Пути в незнаемое [Писатели рассказывают о науке] (Эйдельман, Адамович) - страница 4

Еще на памяти ныне живущих поколении та эпоха (20–30-е годы), когда локомотив, бульдозер истории, упирался в уровень производительных сил — в будущее, где все проблемы как нам представлялось, решаться будут уже и легче и проще. Избыток энергии материальных благ, мощные производительные силы, возможности, ну и соответственно — более гармонические производственные отношения…

И вдруг стенка проломилась, мы, люди двадцатого века, с разгона пролетели даже дальше, чем рассчитывали. Каждые несколько лет научная и производительная мощь нарастает в невиданной прогрессии, можем всё, почти всё, а чего не можем, так сможем через год, через десять…

Так было буквально вчера. А сегодня?

Сегодня все упирается в мышление.

Каково оно есть, станет, будет — таково и будущее человечества. И вообще быть или не быть самому будущему — зависит прежде всего от мышления, от способности или неспособности как можно большего числа людей мыслить адекватно ядерной действительности.

«Что-то физики в почете, что-то лирики в загоне…» — жаловались поэты в 40–50-е годы.

Времена изменились, в почете сегодня именно «лирики». Они бомб не изобретали. Но это добродетель, так сказать, неделания. Правда, в последнее время проявили себя и в действии, активном: по спасению рек, лесов, почв, а также культурных, духовных ценностей.

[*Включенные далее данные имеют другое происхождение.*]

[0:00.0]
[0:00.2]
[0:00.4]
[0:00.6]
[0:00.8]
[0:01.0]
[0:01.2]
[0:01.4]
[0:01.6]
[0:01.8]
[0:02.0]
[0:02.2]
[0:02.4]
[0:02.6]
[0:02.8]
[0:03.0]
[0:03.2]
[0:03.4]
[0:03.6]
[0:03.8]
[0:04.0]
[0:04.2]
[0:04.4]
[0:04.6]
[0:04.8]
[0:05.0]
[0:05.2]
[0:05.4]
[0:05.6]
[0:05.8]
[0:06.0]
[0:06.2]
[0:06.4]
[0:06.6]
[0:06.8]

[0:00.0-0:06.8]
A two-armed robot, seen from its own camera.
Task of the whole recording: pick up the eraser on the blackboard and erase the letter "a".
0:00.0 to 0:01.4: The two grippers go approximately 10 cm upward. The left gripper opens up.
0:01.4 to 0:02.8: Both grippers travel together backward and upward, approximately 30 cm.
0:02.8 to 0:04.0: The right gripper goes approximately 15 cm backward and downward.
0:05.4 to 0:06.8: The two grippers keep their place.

Но вот в главное дело — разрушение опасных стереотипов во взгляде на войну — вклад их не столь заметен.

Военно-патриотическое воспитание — в этом литераторы кое-что смыслят. Но скажите им, даже сегодня, что в согласии с ядерным веком вернее было бы: антивоенно-патриотическое воспитание — и посмотрите, как он на вас посмотрит. По крайней мере, многие. С каким недоумением, если не с испугом.

А ведь если военная победа над противной стороной невозможна, а расчет на таковую — просто преступление перед человечеством, тогда логично рассудить, что высший патриотизм, то есть желание исключительно добра своему народу (как и всем другим — сегодня это неразделимо), заключается в ненависти к войне. Не к «противнику», а к войне и всем, кто ее провоцирует, готов развязать.

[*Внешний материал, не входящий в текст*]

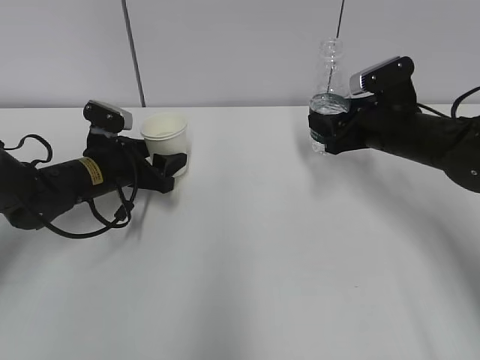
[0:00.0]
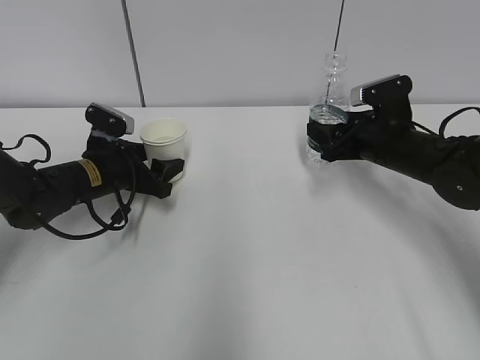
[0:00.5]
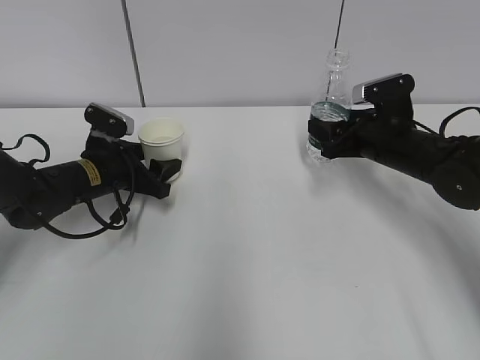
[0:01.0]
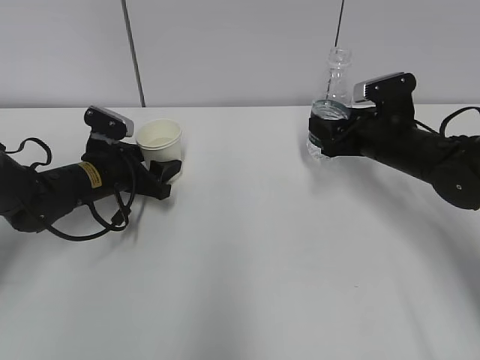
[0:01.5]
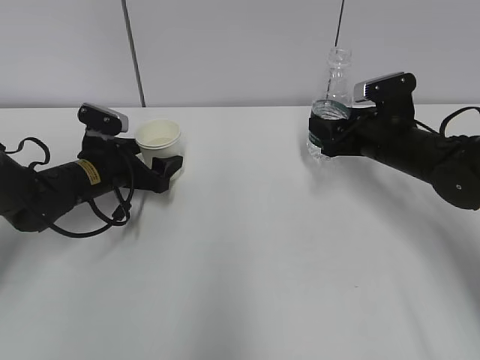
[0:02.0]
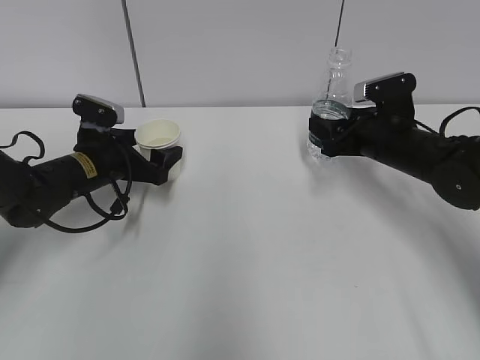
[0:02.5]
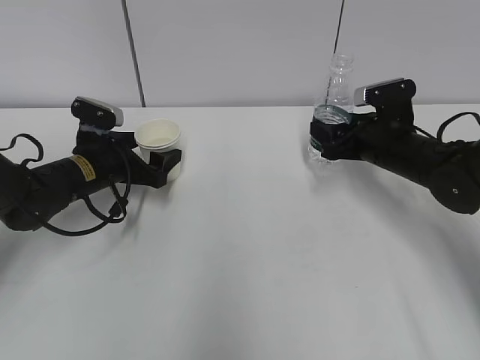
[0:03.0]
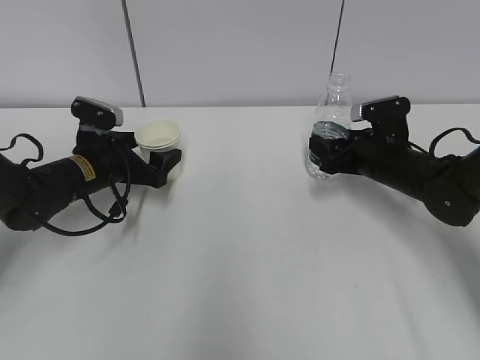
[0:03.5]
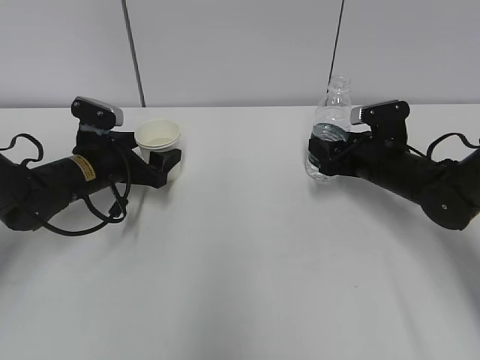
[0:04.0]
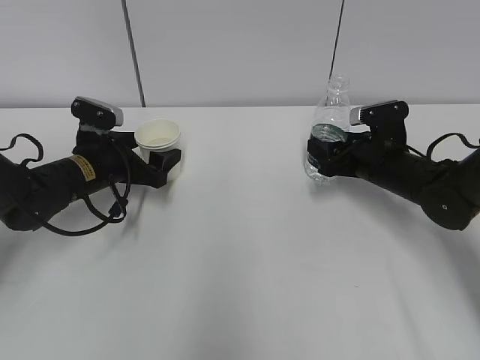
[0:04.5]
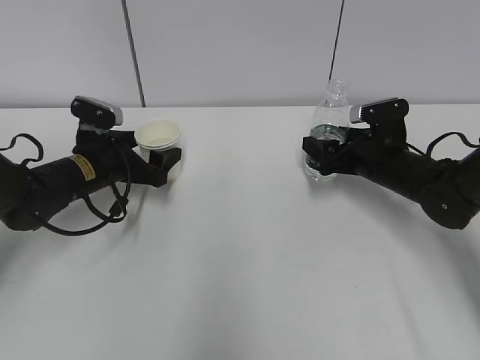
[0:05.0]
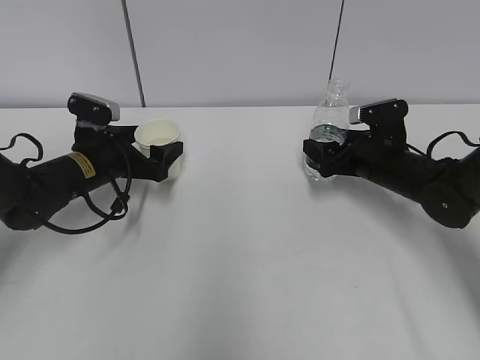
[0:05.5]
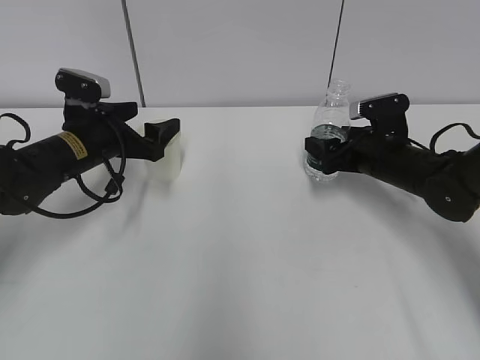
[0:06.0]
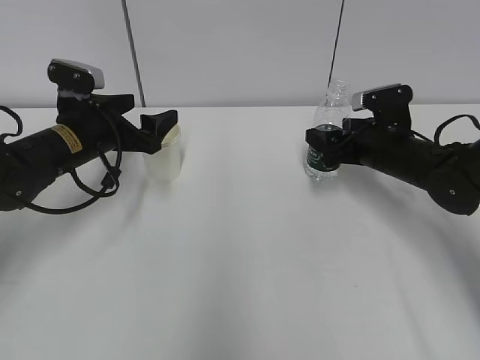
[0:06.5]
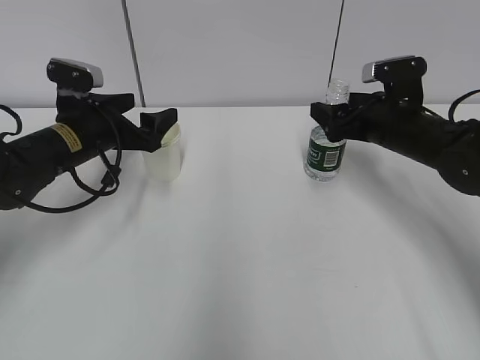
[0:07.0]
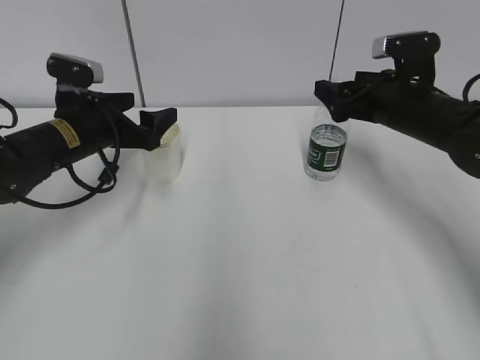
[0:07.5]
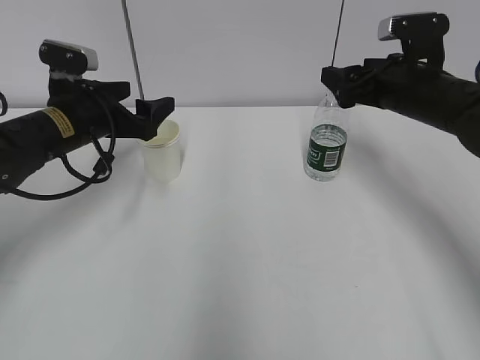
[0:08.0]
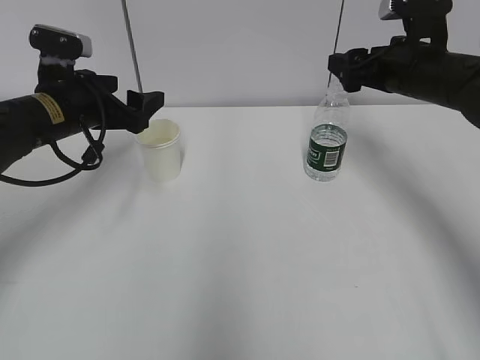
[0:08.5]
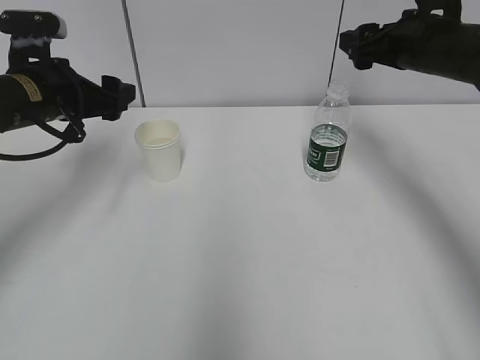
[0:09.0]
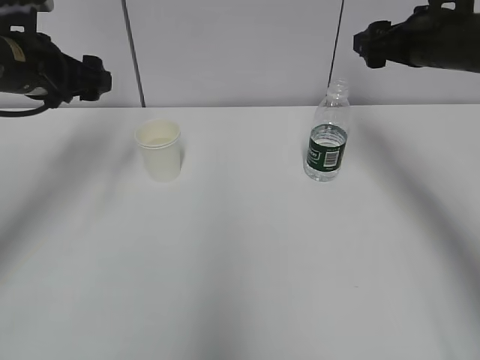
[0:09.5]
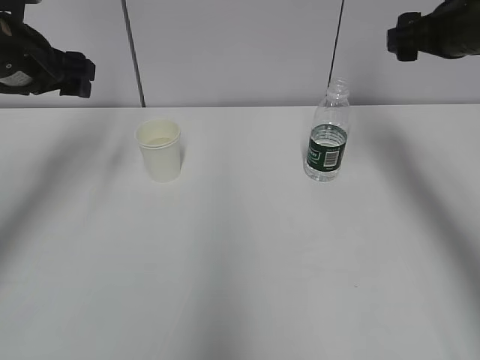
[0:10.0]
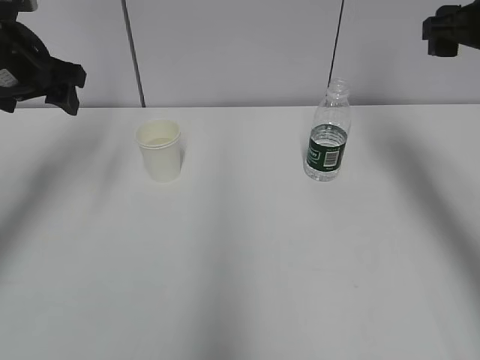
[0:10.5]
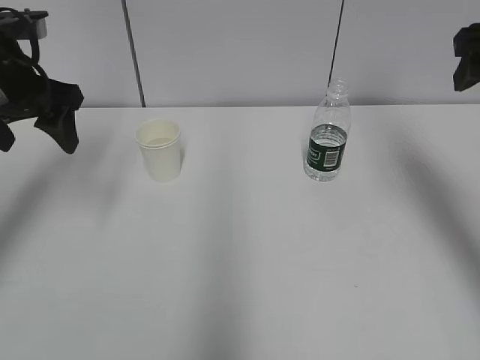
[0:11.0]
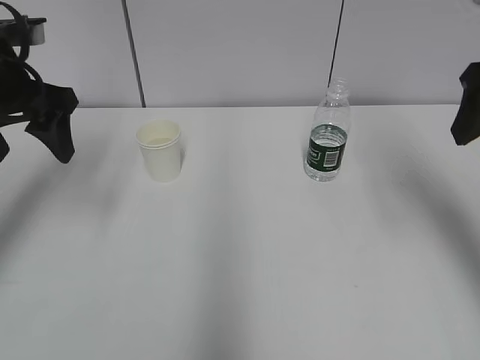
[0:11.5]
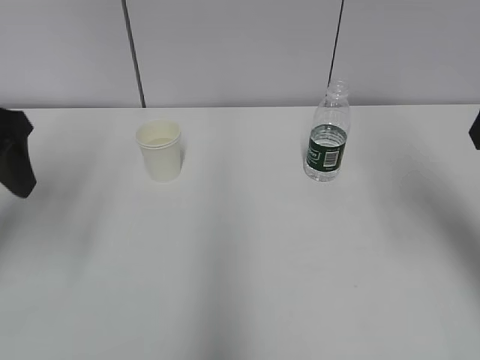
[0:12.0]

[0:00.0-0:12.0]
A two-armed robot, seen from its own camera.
0:00.0 to 0:02.0: The left gripper opens.
0:02.0 to 0:04.0: The grippers stay close to where they were, moving slightly.
0:04.0 to 0:06.0: The right gripper opens up.
0:06.0 to 0:08.0: The right gripper moves upward, about 10 cm.
0:08.0 to 0:10.0: The right gripper goes some 10 cm upward, while the left gripper moves upward and to the left, about 10 cm.
0:10.0 to 0:12.0: The grippers both shift backward by roughly 15 cm.

Впрочем, эта потребность времени все-таки проявилась если не в формулировках, то в самой литературной практике нашей: во всем мире нет такой антивоенной литературы, какая есть у нас. Ее уже называют великой (хотя по инерции мы все еще именуем — «военной»).

Да, говоря словами Вольтера, каждому обрабатывать свой сад. Но дело это все-таки коллективное — выработка нового мышления. Великолепно, когда поможет тебе сосед. Нет, не в качестве этакого недоброй памяти фининспектора послевоенной поры, который если и заглянет в сельский двор, так лишь для того, чтобы уличить и обложить разорительным налогом каждое деревце в саду, каждую курицу. Такими «фининспекторами» по отношению к другим наукам — кибернетике, генетике и пр. — в прежние времена очень часто выступали наши вездесущие философы. Сейчас естественные, точные науки имеют против них высокий забор специальных знаний, перелезть через который не всякому легко.